Hi, sir,
If possible, I want to ask you another question. It's really interesting to see a quality score of sequence base like this, and I never saw that before. I want to know what problem with it, especially reverse, why it does not have quality before 100bp? Although it hasn't removed barcode and primer, which is total 26bp.
Please always open unrelated questions in new topics. That will allow you to give them meaningful titles, and help others learn from your questions in the future.
If you click and drag over one section of that interactive plot, it will zoom in, and you'll be able to see that it is actually a box plot:
It looks like you might be using either a sequencer or data post-processing that "bins" quality scores. I'm guessing NovaSeq? Binning systems make it much more likely that regions with high-quality scores will have very, very tiny boxes that could be misinterpreted as "no q score". To the contrary, your plot is saying that nearly everything at those positions clusters tightly at q=37.
Note that DADA2 doesn't yet officially support denoising of NovaSeq data, so if that's what you're using, you may need to consider a workaround or another approach to denoising/merging. The developers of DADA2 are also looking for NovaSeq data from known communities they can use to add this functionality. If you have data that sounds like that and you want to support their efforts, consider getting in touch with them directly.
Hi @ChrisKeefe , first I would like to say that I am new in the area of microbiome analysis, this is my first analysis and I am loving and falling in love with it.
Now let's go to the question, I think it's similar to the colleague here on the topic. My data is from Illumina Miseq, I used the 515F and 806F primers.

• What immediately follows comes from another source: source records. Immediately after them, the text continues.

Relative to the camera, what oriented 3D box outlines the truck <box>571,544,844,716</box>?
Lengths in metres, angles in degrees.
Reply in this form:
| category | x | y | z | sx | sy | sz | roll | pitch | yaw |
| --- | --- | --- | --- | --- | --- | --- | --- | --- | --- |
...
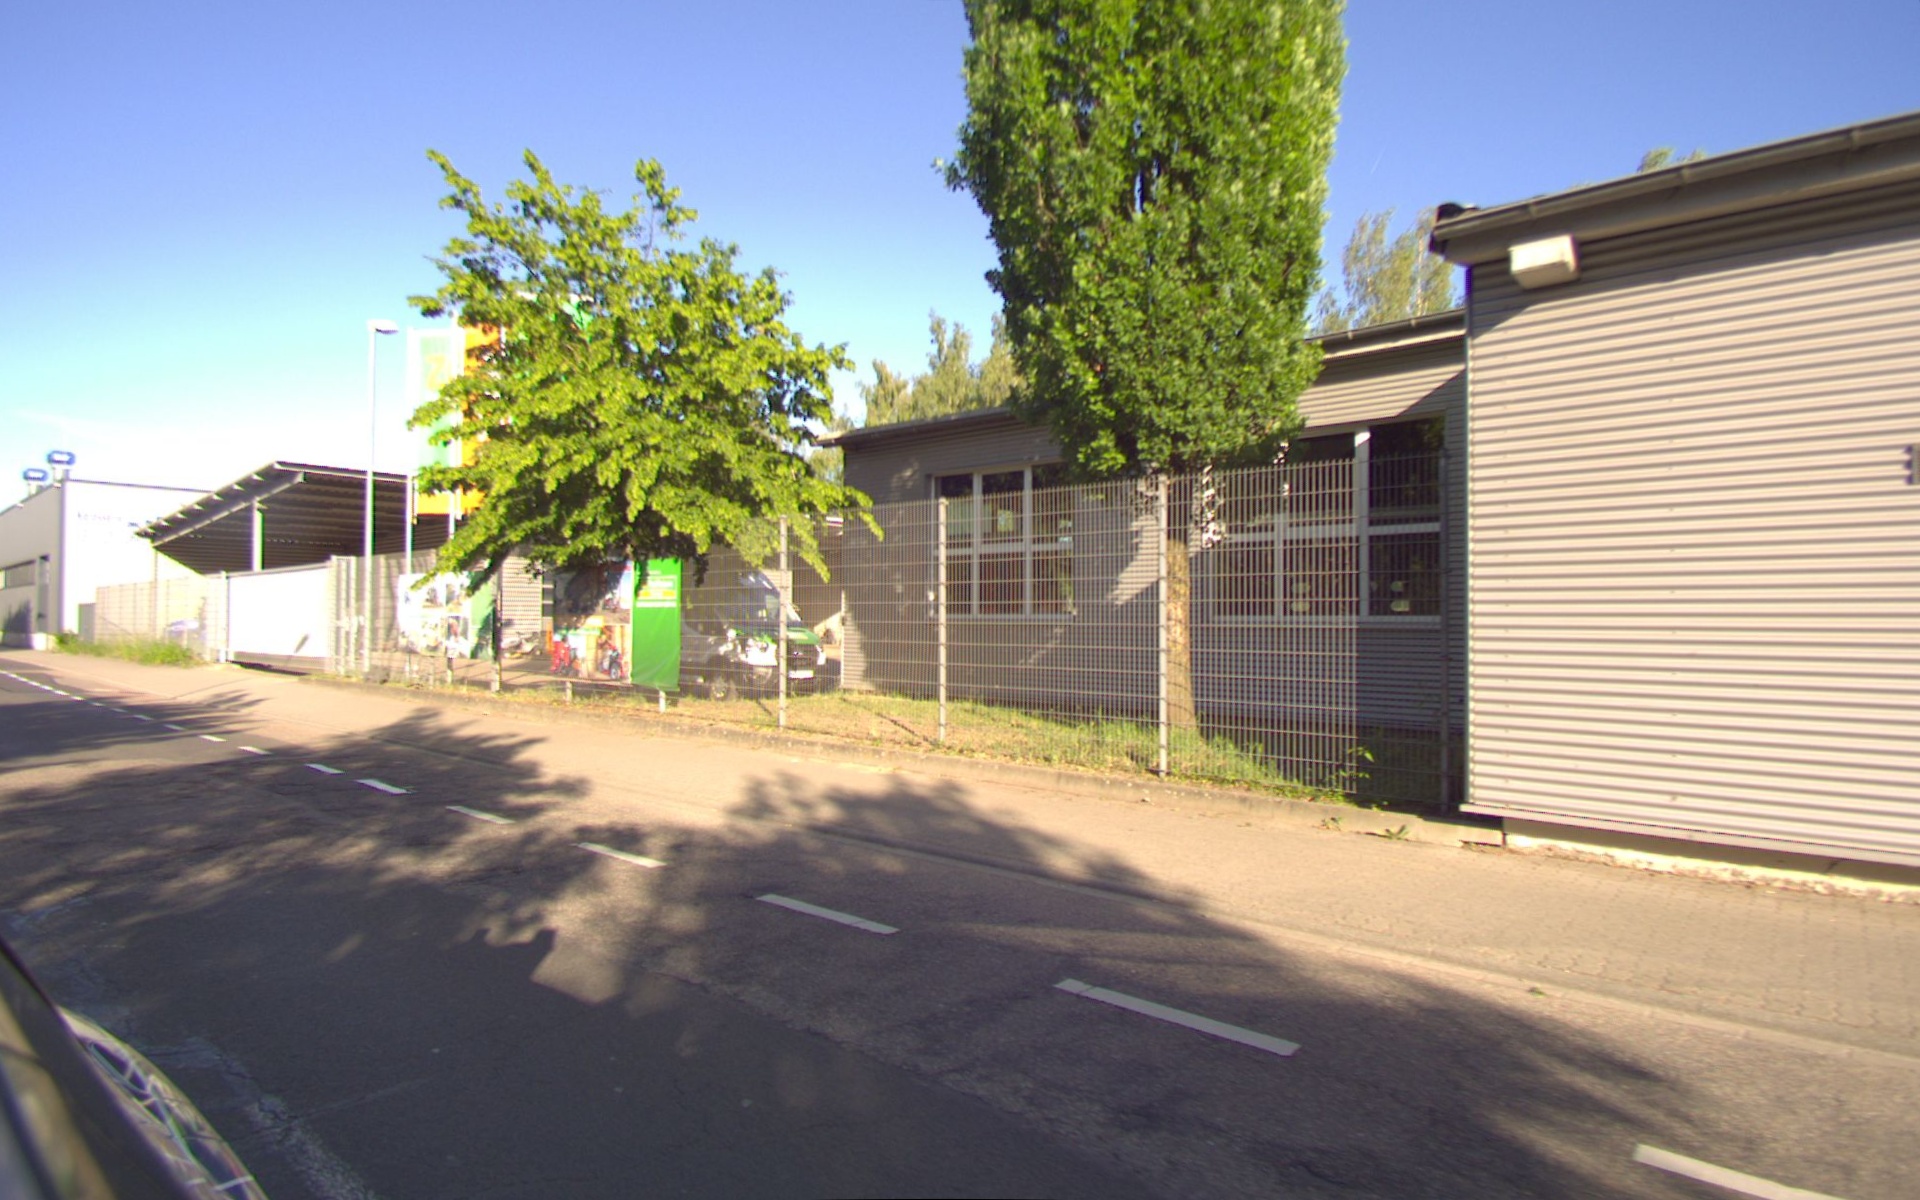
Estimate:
| category | x | y | z | sx | sy | sz | roll | pitch | yaw |
| --- | --- | --- | --- | --- | --- | --- | --- | --- | --- |
| truck | -4.898 | 0.583 | 19.058 | 5.761 | 2.783 | 2.057 | -2 | -3 | 41 |

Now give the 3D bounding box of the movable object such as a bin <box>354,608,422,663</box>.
| category | x | y | z | sx | sy | sz | roll | pitch | yaw |
| --- | --- | --- | --- | --- | --- | --- | --- | --- | --- |
| movable object such as a bin | -22.978 | 1.438 | 40.623 | 2.475 | 2.108 | 1.560 | -2 | -3 | 39 |

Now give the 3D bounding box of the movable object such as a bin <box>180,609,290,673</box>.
| category | x | y | z | sx | sy | sz | roll | pitch | yaw |
| --- | --- | --- | --- | --- | --- | --- | --- | --- | --- |
| movable object such as a bin | -25.395 | 1.445 | 35.542 | 2.839 | 2.165 | 1.504 | 1 | -3 | -22 |

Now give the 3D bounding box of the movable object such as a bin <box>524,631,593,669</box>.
| category | x | y | z | sx | sy | sz | roll | pitch | yaw |
| --- | --- | --- | --- | --- | --- | --- | --- | --- | --- |
| movable object such as a bin | -14.687 | 1.834 | 36.991 | 2.632 | 1.342 | 1.155 | -2 | -3 | 38 |

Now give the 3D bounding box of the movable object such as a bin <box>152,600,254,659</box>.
| category | x | y | z | sx | sy | sz | roll | pitch | yaw |
| --- | --- | --- | --- | --- | --- | --- | --- | --- | --- |
| movable object such as a bin | -28.833 | 1.112 | 38.622 | 2.725 | 2.181 | 1.528 | 0 | -3 | -19 |

I ran DADA2 and removed the primers using:
--p-trim-left-f 19
--p-trim-left-r 20
that correspond to the length of the primers.

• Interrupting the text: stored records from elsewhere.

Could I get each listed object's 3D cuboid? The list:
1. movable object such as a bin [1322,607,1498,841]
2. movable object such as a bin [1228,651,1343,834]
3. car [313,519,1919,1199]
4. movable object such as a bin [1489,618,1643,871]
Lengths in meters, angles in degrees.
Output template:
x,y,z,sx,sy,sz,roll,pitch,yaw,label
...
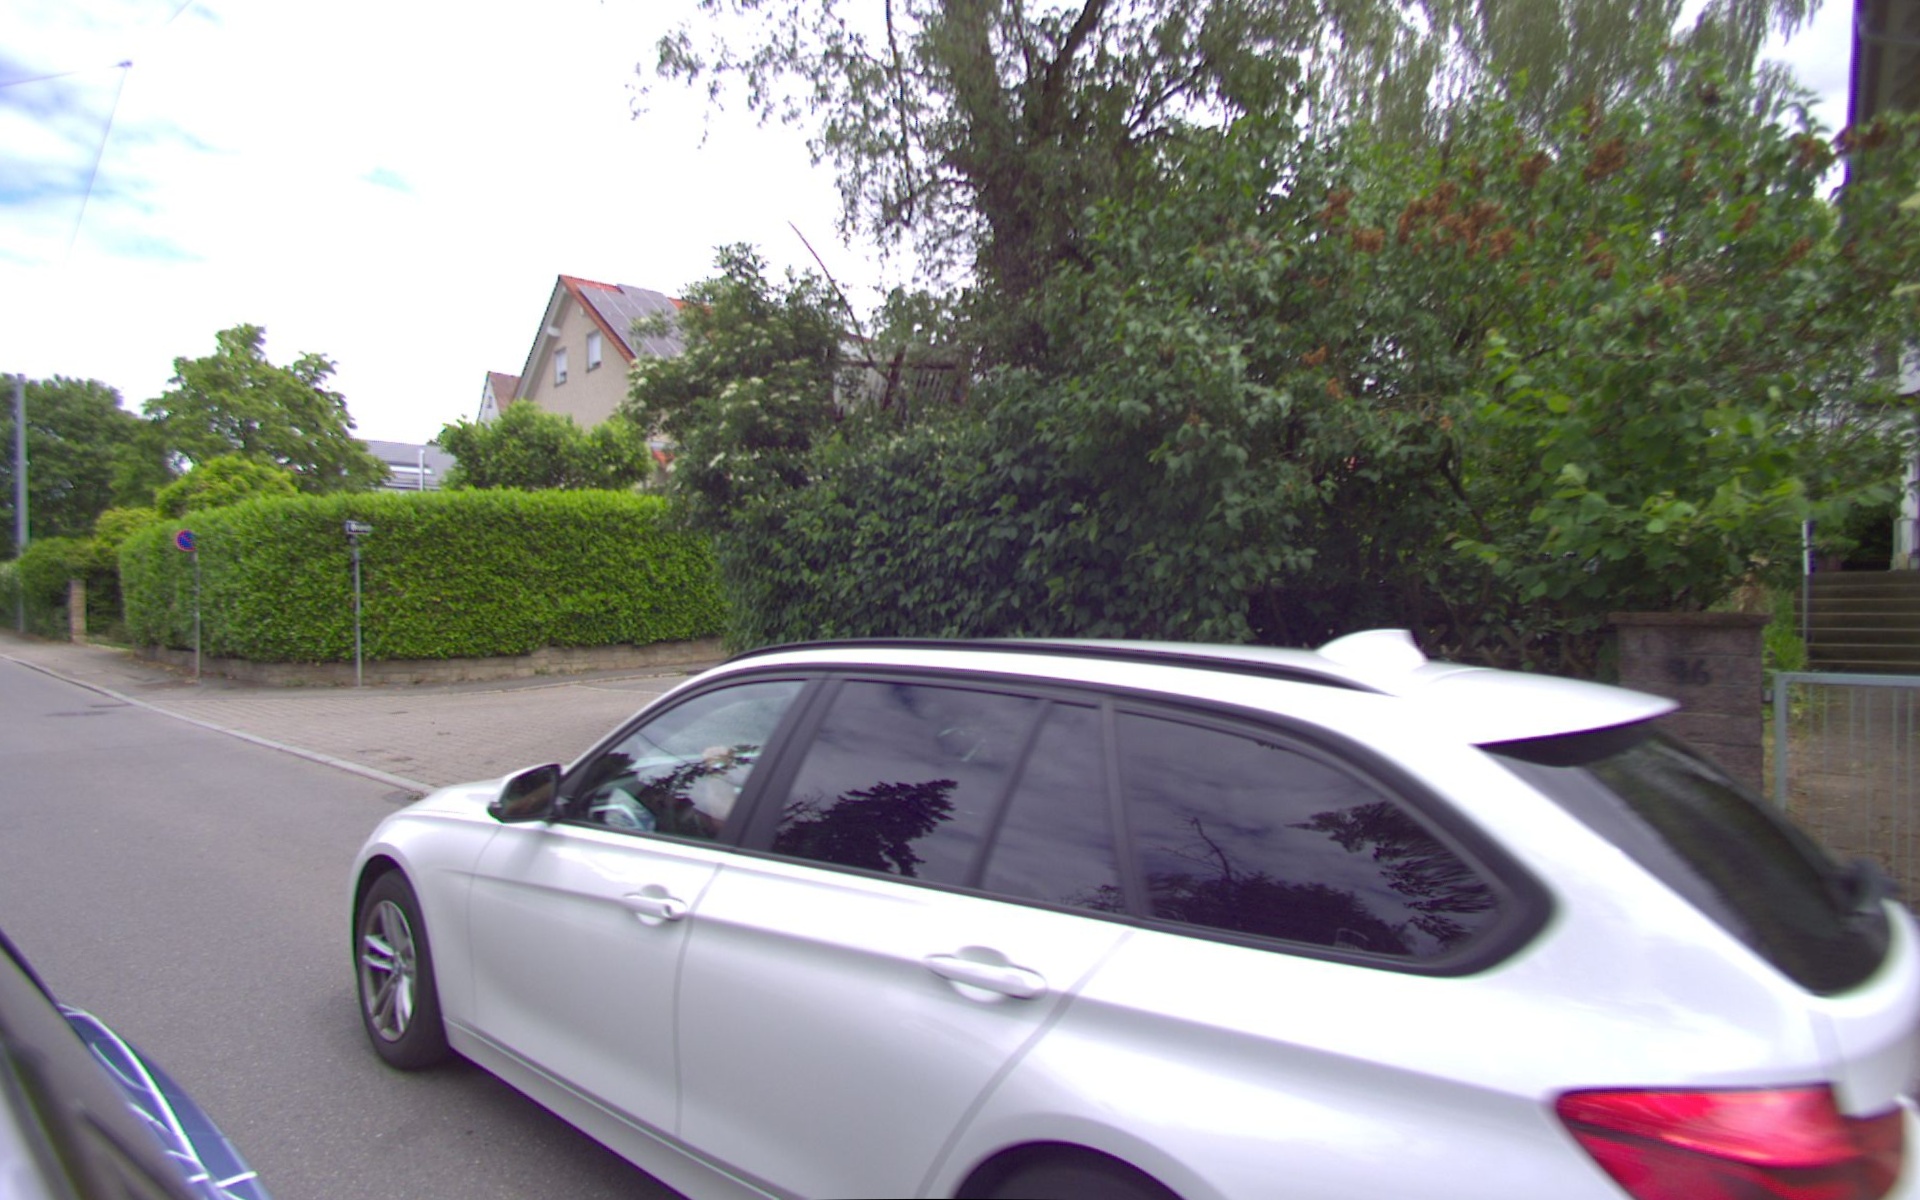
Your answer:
x,y,z,sx,sy,sz,roll,pitch,yaw,label
2.505,0.634,5.617,0.722,1.134,0.721,-1,3,38,movable object such as a bin
1.886,0.798,5.862,0.511,0.958,0.375,-1,3,38,movable object such as a bin
-0.059,0.686,2.901,4.297,1.442,1.787,0,-2,40,car
3.109,0.681,5.174,0.584,1.125,0.721,-1,3,38,movable object such as a bin

But I couldn’t identify by the quality graph if I need to use:
--p-trunc-len-f
--p-trunc-len-r
to do some kind of quality control ...
If this is MiSeq data, then I would say this looks like it has already had some form of quality control applied to it, which will be very problematic when using a tool like q2-dada2, which relies on the "natural" signal/error profile to be present. If you don't know what forms of pre-screening were applied to these data then I strongly suggest you reach out to the sequencing center, or wherever you received these data from, to ask about what preliminary steps were performed (and see if you can get the "raw" data, if you plan to use q2-dada2).